Data records
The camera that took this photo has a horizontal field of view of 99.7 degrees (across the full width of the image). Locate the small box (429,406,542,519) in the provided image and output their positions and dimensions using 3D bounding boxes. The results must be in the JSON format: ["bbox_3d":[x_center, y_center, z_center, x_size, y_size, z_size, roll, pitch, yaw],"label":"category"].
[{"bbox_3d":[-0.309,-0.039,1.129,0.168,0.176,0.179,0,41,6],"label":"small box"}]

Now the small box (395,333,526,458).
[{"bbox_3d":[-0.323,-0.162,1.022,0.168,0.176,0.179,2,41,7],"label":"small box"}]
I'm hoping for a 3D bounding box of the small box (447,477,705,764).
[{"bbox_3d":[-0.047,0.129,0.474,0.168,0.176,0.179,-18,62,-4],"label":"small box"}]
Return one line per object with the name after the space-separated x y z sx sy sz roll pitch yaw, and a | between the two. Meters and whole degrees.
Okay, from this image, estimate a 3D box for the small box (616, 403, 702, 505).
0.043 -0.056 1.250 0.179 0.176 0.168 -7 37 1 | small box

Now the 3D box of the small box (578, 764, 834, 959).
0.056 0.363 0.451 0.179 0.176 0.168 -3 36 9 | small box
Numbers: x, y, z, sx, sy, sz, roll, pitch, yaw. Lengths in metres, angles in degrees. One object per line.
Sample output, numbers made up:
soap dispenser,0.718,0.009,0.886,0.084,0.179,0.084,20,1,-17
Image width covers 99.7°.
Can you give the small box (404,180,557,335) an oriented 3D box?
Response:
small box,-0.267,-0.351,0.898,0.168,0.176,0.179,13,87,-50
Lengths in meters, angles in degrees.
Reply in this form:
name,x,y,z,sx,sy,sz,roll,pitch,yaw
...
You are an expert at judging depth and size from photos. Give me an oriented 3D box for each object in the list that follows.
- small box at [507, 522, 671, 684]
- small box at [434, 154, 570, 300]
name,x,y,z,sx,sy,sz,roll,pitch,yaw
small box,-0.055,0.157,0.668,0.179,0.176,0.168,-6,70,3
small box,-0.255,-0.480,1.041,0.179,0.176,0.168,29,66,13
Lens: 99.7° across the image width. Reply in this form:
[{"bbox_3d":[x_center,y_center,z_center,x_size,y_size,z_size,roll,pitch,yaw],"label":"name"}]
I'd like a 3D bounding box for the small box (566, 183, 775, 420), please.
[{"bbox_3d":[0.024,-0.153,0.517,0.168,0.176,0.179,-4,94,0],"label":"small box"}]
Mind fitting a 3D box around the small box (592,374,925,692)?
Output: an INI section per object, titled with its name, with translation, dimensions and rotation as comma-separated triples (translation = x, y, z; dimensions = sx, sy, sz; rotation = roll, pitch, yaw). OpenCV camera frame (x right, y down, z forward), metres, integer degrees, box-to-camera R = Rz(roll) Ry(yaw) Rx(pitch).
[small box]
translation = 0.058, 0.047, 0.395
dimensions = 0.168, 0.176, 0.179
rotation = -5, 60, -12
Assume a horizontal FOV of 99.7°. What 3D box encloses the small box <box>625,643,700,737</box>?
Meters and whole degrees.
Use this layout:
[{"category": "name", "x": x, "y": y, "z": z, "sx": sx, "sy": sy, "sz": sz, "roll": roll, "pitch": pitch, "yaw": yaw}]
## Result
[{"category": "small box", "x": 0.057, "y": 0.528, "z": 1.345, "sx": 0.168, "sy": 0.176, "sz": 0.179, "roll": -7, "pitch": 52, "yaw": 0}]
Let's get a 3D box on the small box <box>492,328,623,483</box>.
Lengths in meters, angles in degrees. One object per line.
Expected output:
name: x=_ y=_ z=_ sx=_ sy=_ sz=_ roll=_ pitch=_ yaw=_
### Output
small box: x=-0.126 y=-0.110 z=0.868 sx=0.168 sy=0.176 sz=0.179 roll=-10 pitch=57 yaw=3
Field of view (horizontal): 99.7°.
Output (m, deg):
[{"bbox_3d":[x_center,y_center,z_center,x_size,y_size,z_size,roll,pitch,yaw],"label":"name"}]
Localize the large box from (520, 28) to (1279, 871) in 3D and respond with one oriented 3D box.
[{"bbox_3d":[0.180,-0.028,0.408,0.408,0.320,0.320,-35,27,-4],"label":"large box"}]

— Work request —
Copy the lines of the data above exactly as written, beginning with the line containing "- small box at [434, 154, 570, 300]" and ending with the line containing "Lens: 99.7° across", and leave out all other lines.

— Response box —
- small box at [434, 154, 570, 300]
name,x,y,z,sx,sy,sz,roll,pitch,yaw
small box,-0.055,0.157,0.668,0.179,0.176,0.168,-6,70,3
small box,-0.255,-0.480,1.041,0.179,0.176,0.168,29,66,13
Lens: 99.7° across the image width. Reply in this form:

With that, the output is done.